I can see in the relationship what is in this moment. There's fluidity, there's possibility, there's acknowledgement of arising conditioning, there's possibility of change, there's engagement in the Dharma of impermanence. What I'm getting from what you're saying is, whatever that is, let's say some strong passion or something, letting it live in a very big context. Letting it live with the sense that it's going to change also, or that it's fluid, or that you're responding and relating to it. It's not something that's just activated and off and running. Well, I think there's two dynamics to what I'm saying. And one is coming to awareness.

[06:51]

and seeing this is a relationship I have that is my reality. And if we can get close to that, other things become possible. If that's lost and buried and just there as an assumption, then this is a fearful thing and I've got to figure out how to live with my fear or how to get away from it or what to do. So that's... And so how do we get close to that embedded fear? And we get close to that embedded fear by calling forth the fact that the potency of our engagement in life is an opportunity to awaken.

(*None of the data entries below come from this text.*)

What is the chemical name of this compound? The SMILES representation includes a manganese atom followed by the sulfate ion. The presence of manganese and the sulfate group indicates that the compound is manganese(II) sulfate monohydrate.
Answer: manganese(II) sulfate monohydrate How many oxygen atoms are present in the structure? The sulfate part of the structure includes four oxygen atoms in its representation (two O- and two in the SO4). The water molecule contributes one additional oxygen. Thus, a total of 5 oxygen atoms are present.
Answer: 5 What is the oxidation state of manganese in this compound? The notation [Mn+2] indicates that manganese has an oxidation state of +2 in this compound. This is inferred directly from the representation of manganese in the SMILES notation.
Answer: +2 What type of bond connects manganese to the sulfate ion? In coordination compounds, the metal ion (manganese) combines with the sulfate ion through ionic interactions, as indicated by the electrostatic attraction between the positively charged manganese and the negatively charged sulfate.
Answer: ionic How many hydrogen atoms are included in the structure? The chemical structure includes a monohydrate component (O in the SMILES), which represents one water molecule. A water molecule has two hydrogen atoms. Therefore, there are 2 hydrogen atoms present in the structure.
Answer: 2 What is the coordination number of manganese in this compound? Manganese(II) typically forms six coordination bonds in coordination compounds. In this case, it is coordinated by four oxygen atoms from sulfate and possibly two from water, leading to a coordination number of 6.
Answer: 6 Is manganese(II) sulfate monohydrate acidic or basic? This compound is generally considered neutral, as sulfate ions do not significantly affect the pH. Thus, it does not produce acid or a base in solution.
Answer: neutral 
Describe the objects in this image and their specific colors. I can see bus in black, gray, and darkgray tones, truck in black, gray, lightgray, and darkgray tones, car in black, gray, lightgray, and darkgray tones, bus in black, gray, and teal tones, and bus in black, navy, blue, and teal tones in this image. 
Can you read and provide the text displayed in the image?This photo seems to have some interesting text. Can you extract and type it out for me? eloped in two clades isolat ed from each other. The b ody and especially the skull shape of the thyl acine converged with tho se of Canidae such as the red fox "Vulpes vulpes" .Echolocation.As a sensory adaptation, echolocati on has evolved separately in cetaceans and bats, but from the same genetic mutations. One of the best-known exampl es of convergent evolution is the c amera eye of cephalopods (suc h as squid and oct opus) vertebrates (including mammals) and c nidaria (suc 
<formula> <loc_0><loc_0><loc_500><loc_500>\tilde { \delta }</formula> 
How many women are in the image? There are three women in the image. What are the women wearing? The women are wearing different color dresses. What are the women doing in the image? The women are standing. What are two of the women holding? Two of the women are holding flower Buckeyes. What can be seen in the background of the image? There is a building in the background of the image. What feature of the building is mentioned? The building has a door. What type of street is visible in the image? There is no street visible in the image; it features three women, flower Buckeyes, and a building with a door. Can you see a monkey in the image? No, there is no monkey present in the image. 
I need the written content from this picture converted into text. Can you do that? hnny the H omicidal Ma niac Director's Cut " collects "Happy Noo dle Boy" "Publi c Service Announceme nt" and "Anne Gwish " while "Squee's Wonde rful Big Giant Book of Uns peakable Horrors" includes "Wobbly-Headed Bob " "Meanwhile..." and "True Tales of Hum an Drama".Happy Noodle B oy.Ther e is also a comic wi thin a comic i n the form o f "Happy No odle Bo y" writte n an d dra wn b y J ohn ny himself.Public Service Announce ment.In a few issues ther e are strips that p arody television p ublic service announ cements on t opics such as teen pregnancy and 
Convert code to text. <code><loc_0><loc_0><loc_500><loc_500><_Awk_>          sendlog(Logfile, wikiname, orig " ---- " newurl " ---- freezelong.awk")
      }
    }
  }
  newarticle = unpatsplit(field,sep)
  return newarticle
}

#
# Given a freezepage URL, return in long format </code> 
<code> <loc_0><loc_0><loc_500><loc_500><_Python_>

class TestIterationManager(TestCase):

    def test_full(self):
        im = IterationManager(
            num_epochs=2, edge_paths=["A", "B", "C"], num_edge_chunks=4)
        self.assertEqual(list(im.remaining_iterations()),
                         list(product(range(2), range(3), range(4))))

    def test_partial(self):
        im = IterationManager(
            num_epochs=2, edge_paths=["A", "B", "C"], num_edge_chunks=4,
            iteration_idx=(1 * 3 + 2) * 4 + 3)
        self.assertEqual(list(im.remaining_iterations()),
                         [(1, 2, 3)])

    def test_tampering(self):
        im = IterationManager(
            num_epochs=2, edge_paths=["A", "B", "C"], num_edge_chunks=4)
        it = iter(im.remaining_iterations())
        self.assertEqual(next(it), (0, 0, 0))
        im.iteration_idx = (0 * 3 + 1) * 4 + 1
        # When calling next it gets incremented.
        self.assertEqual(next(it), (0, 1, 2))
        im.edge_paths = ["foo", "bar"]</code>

It's like we take the usual approach and we turn it on its head.

[07:59]

So we take the person who has difficult circumstances and we say how fortunate they are. And we take the person who has comfortable circumstances and we say what a pity. I hope their life becomes more difficult. And sometimes it really seems that way. You know, sometimes some people come to practice and they're just so smart and so together and they just breeze along and they sort of breeze in and they breeze out, you know? And you sort of wonder, well, maybe I don't need to practice or... They just weren't challenged enough, you know? So from this reverse position, if your life isn't difficult, you're in trouble.

[09:01]

As Suzuki Roshi would say, when you have a problem, you have a way to go. So this is something that we can contemplate on, that we can have available So when the passion and the heat and the fury and the dread come up, something in our heart can say, this is the potency of awakening. This is the the wellspring of Avalokitesvara's compassion. This is what allows life to come forth vibrantly, fluidly, illuminating and awakening. This is where Avalokiteshvara's compassion fits into our practice.

[10:06]

Our practice is based on compassion, but where is the compassion in sitting here and not sitting over there? Where is the compassion in coming up to someone and saying, why aren't you at a lecture? And for us, compassion is in acknowledging this very stuff of human existence, the very ways we get stuck and producing unstuckness to bringing forth the path of liberation that literally allows us to live. Okay, thank you.